R4: Der Einzelne ist ein wichtiger Gegner seiner selbst in JQVI.

Das Lebensqualitätsspiel IV


In der Biosphäre sucht der Einzelne nach Ressourcen, um seine Lebensqualität entsprechend seiner psychologischen Konstitution zu erhalten oder zu verbessern. Wir nehmen in JQVI ein Teilspiel an, in dem die Spieler die psychologischen Faktoren des Individuums sind, einschließlich des Individuums selbst, die bei der Definition, Auswahl, Organisation und Verwendung dieser Faktoren eine Rolle spielen.

Die Psyche zeigt, während sie sich bewegt, die Richtung der Interessen des Individuums. Wir können uns auf Carl Gustav Jung stützen, um uns zwei allgemeine Arten von psychischer Disposition vorzustellen. Das Subjekt hat zwei grundsätzliche Tendenzen zum Objekt. Der Introvertierte neigt dazu, sich vom Objekt zu entfernen und es zu abstrahieren, als ob es sicher sei, dass es von geringem Wert ist. Der Extrovertierte neigt dazu, sich dem Gegenstand zu nähern und seine Bedeutung zu bekräftigen, als würde er Zweifel an seinem ausreichenden Wert ausgleichen. Wir können uns andere Zwischentypen mit Unterschieden nur im Grad der Tendenz der Psyche vorstellen, sich vom Objekt weg oder näher zu bewegen.

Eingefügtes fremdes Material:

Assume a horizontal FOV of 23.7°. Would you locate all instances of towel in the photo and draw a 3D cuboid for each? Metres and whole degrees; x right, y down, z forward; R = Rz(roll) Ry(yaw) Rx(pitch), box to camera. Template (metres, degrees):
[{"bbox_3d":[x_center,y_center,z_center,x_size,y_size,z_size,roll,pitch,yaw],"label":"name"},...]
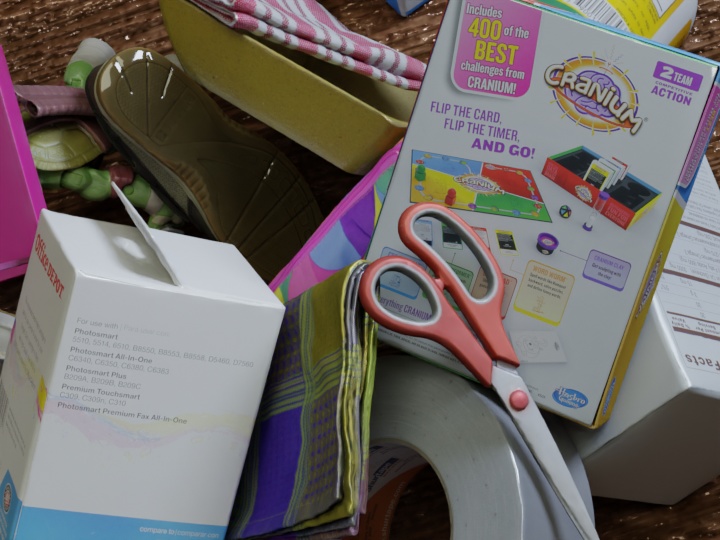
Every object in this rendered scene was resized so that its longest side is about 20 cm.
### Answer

Die Psyche agiert im psychologischen Teilspiel des Individuums in Form der unbewussten und bewussten Spieler. Ihre introvertierte oder extrovertierte Strategie wird vom Unbewussten gewählt. Das ist in der Psyche viel weiter als im Bewusstsein. Die biologische Anpassung an das Objekt erfolgt durch das Unbewusste aus der Konzeption des Subjekts heraus, während das Bewusstsein bis zu dem Moment geformt wird, in dem sich das Subjekt als Individuum versteht.

Daher konnte sich der Einzelne im folgenden inneren Teilspiel sehen. Er ist gezwungen, mit Gegenständen umzugehen und tut dies, seit er als Psyche konstituiert wurde, das heißt als eine Art lebensfähiger Materie. Man kann besser oder schlechter leben. Leben ist nicht nur der Umgang mit Gegenständen, sondern der Umgang mit sich selbst. Seine Disposition gegenüber dem Objekt ist mehr oder weniger stark von Annäherung oder Entfernung. Sie können also zwei Arten von Strategien wählen: introvertiert oder extrovertiert.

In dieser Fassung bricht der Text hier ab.